I suppose what is meant is that the SDT will decide for itself what its balance of proof should be. This is a curious position because, as I understand, the SDT has previously indicated it is bound by decisions of superior courts on this matter (decisions which Leveson LJ have indicated might need rethinking). But putting that to one side, the comment does throw up an interesting reminder of the unusual position of the SDT in the regulatory structure. It is an independent tribunal, funded by the Law Society but at arm’s length, but it is also subject to supervision by the Legal Services Board.  That supervision is more limited than for the approved regulators. The Board can only direct that the SDT take action where it has failed to perform any of its functions to an adequate standard (or at all) or to comply with any requirement imposed on it by or under this Act (per s. 179 and s. 32 of the Legal Services Act 2007).

However, the SDT is required to get certain rule changes approved by the LSB. The current rules, which are mainly procedural in nature, do not state anything about the balance of proof they apply. It is of course not very impressive that the balance of proof, something which of critical interest to lay complainants and professional respondents, is not in the rules. This must be especially true for a body that has transparency* as one of its three banner values. Yet the SDT has indicated it will be bringing forward rules and will be consulting on the standard of proof. It remains to be seen whether the standard of proof will be in the proposed rules, but even if it is, that is not enough for the LSB to insist that the SDT’s rules are updated in the way the LSB might want. If the SDT decided to stick with the current approach the LSB might decide not to approve the rules, within the constraints imposed by the LSA and public law, forcing the SDT to rethink but the game is then one of regulatory ping-pong. Mastery may not be total on either side. Unless the SDT can avoid putting the standard in rules that need approval they will have to debate the merits of their position with the LSB.

The criticism of rhetorical arguments is also an interesting piece of rhetorical diversion. What are these arguments, and who is making them?** The only argument that I have seen persistently advanced in a sound-bite way is this one: if a profession disciplines to a criminal standard then that profession is failing to discipline professional members that are ‘more likely than not’ unethical or incompetent. That doesn’t strike me as a rhetorical argument. It strikes me as a good argument that needs careful countering if it is not to be conclusive. The barrister Lucy Reed wrote an exceptional blog on this pointing to the special pleading involved in thinking that lawyer’ rights to practice are pre-eminent over the public’s right to be protected.

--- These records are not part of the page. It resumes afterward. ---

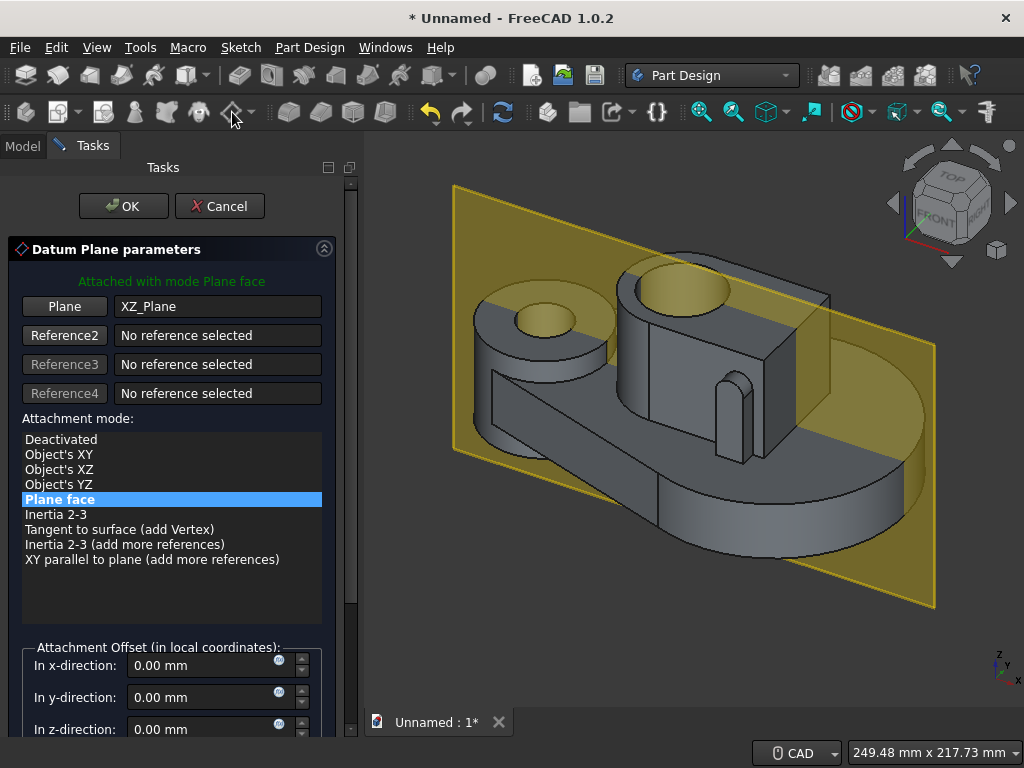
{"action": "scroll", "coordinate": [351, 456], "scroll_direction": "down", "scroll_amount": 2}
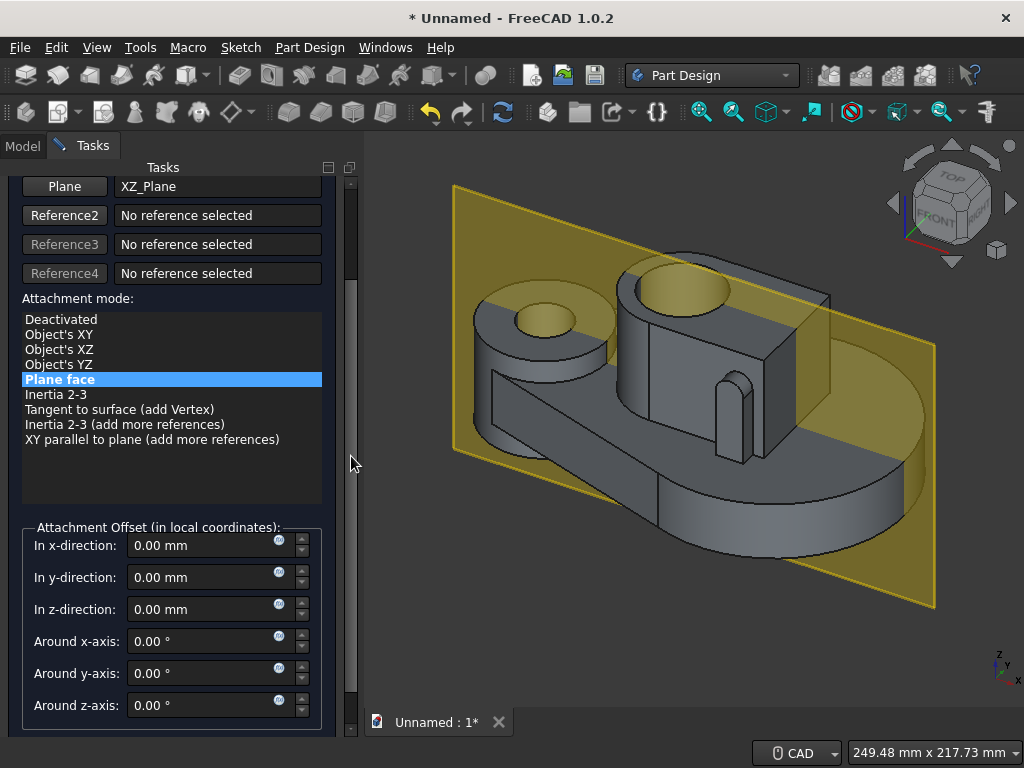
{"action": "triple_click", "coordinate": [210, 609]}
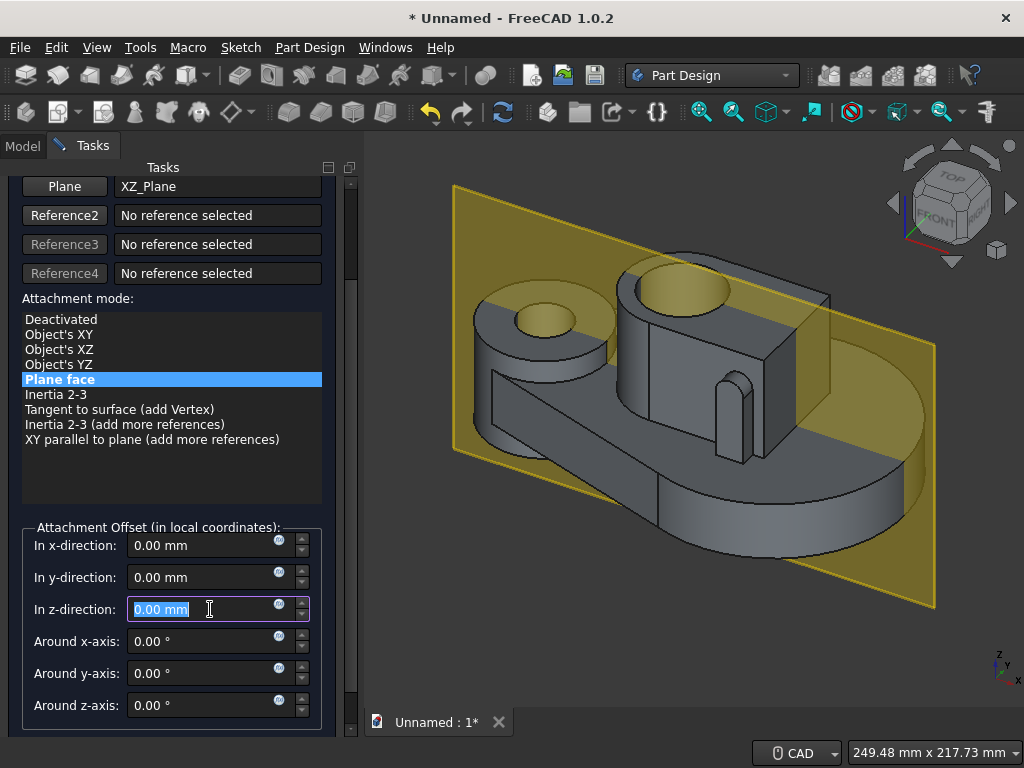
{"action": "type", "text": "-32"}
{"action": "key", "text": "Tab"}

The SDT’s indicates it is not however up for a debate with the BSB. It’s not because the BSB is too small or has (unspecified) different issues – something it might have been helpful for the BSB to understand. The SDT curiously declines to give a view, or even helpful experiences and evidence that might assist the BSB in making up its mind. This they do on the basis that it might prejudice their handling of future cases saying it:

must have in mind that it should not make public statements (even in the context of consultation) which might give rise to a complaint at a future date from those appearing before it of predetermination and/or apparent bias. The Tribunal is able to respond to a Consultation highlighting difficulties or issues that have been encountered while sitting to determine cases. That is an appropriate function enabling the Tribunal to pass on knowledge and experience to policy makers.

It passes on no such knowledge in the Consultation. The position is difficult to understand, particularly given that it is planning to consult itself: does it plan to suspend the hearing of cases while it cogitates, so as to mitigate the risk? I am imagining the answer is no. And why, if it is impartial, does it need to say the Bar is smaller (indeed, how is that relevant to the balance issue?) and why does it feel the need to speak gnomically of different issues, without acknowledging that the issues faced will also often be very similar? That does not strike me as impartiality so much as laying the ground for special pleading.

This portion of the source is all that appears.